Designing code analyses for large software systems (DECA)

3 CP, 2 SWS

When? Wednesday on 9:50-11:30
Where? Room Berlin/B 0.03 in the ground floor of the new building of the Fraunhofer SIT (Rheinstraße 75)

NOTE: Starting Wed, Oct. 29 we will have to change to a new time and place:
Building S1/03, room 221, every Wednesday at 11:40-13:20

Our apologies for any inconvenience caused.

Exam: March 10, 2014, 16:00, S101/A1 (Audimax) This will be a 90 minutes closed-book exam. Dictionaries are allowed but no other aids. The exam will be in English, but answers in German will be permitted.

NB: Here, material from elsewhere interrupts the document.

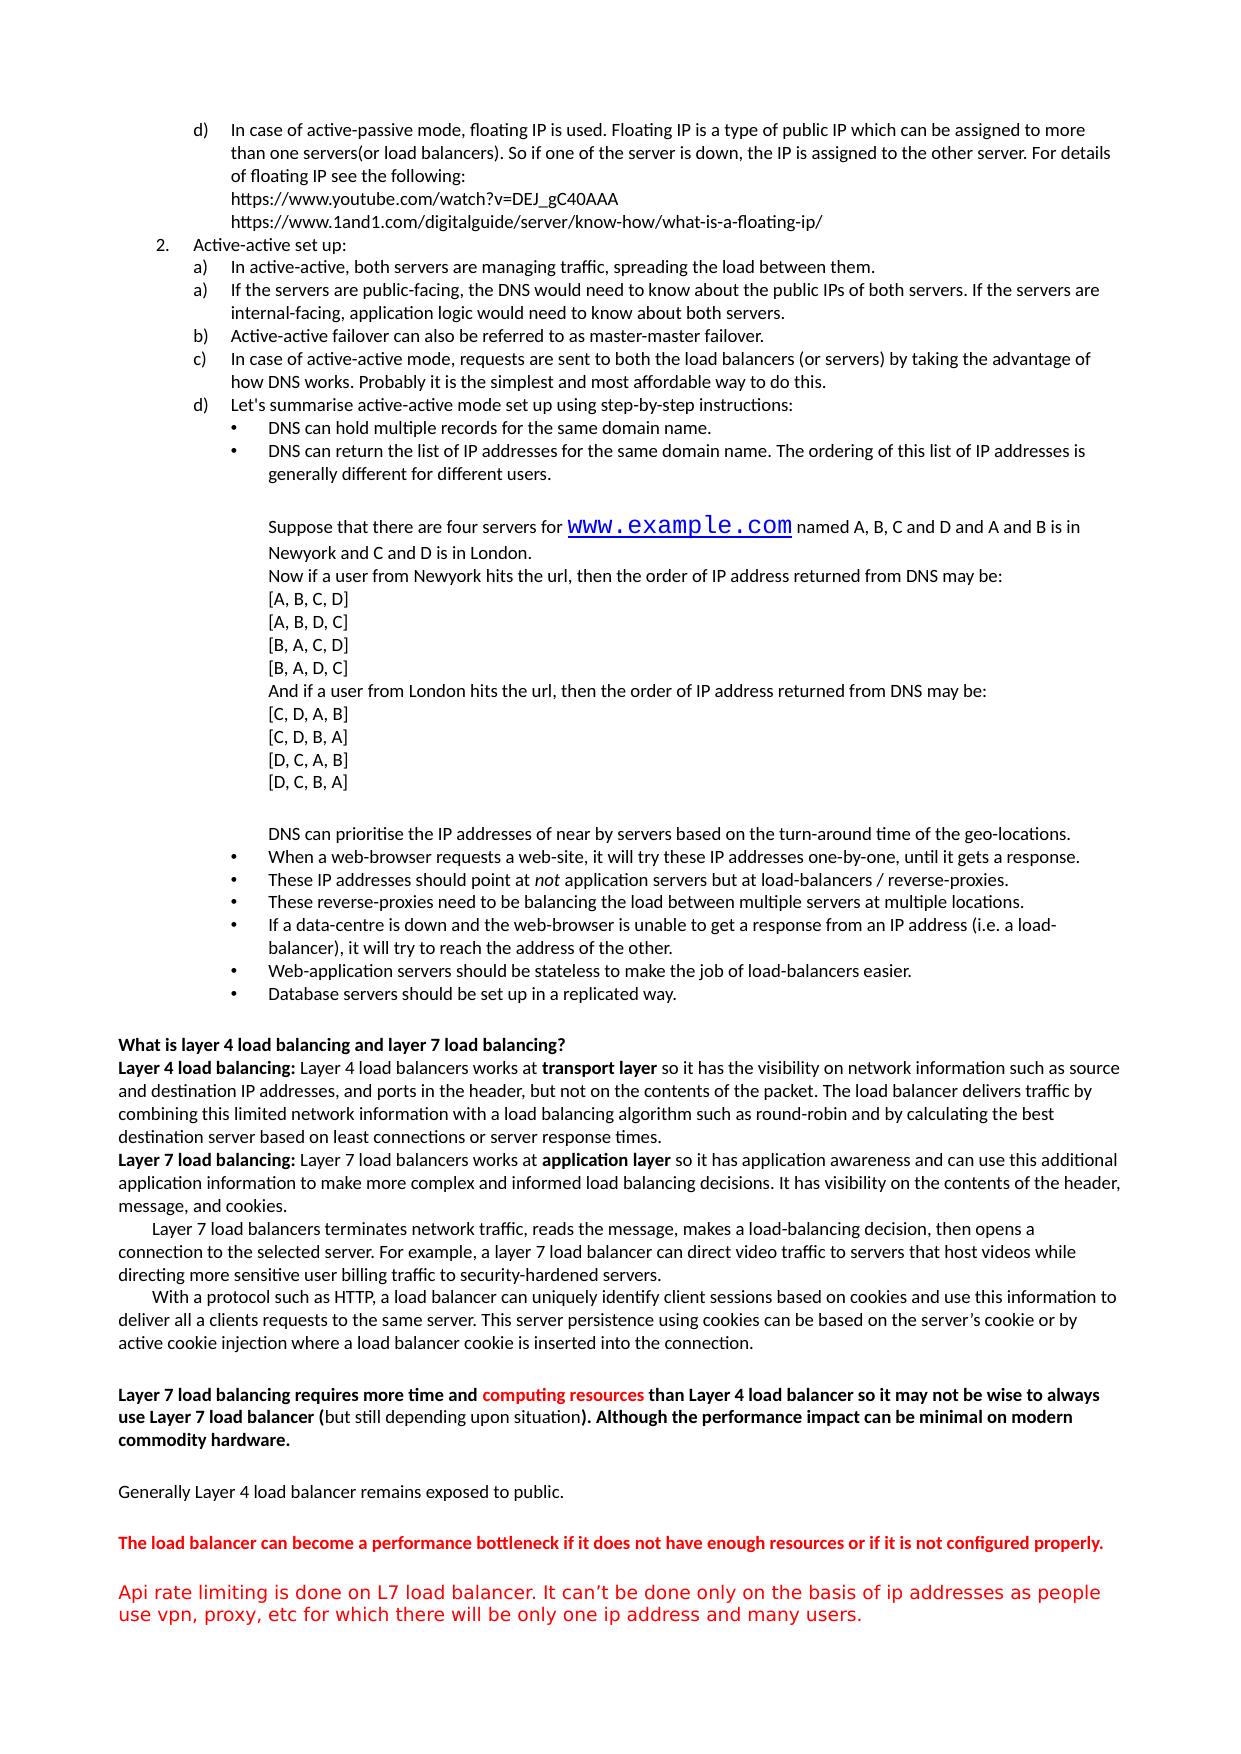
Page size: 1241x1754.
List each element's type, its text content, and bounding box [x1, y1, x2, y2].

The topic of this lecture is the automated (static) code analysis of large software systems, particularly with respect to security properties. We will be treating important scientific problems in the area (partially solved, partially open), and will discuss different conceptual frameworks that can be used to design and implement automated code analyses. We will be paying particular attention to flow- and context sensitive analyses, as well as pointer analyses.

NOTE: This lecture is the successor of the lecture ACA which was held in winter 2013/14. There is one significant difference between DECA and ACA: In ACA, the biweekly exercises were of a practical nature, where students learned how to implement program analyses as well. With DECA, the exercise sheets are now more theoretical and can be answered on paper. The practical exercises now instead happen within the lab ICA. If you choose to attend DECA, then we highly recommend choosing ICA as well!

Asking questions

If you have questions regarding the lecture, please use the Forum kindly provided by the Fachschaft. We will be monitoring the forum regularly.

SVN: Slides and other material, submission of coursework

All course material will be distributed through SVN. This is the URL for the SVN:

https://repository.st.informatik.tu-darmstadt.de/sse/deca/2014/

Exercise sheets and bonus system

There is a bonus system that allows you to improve your final grade by up to 1.0 points, depending on how well you succeed in the exercises.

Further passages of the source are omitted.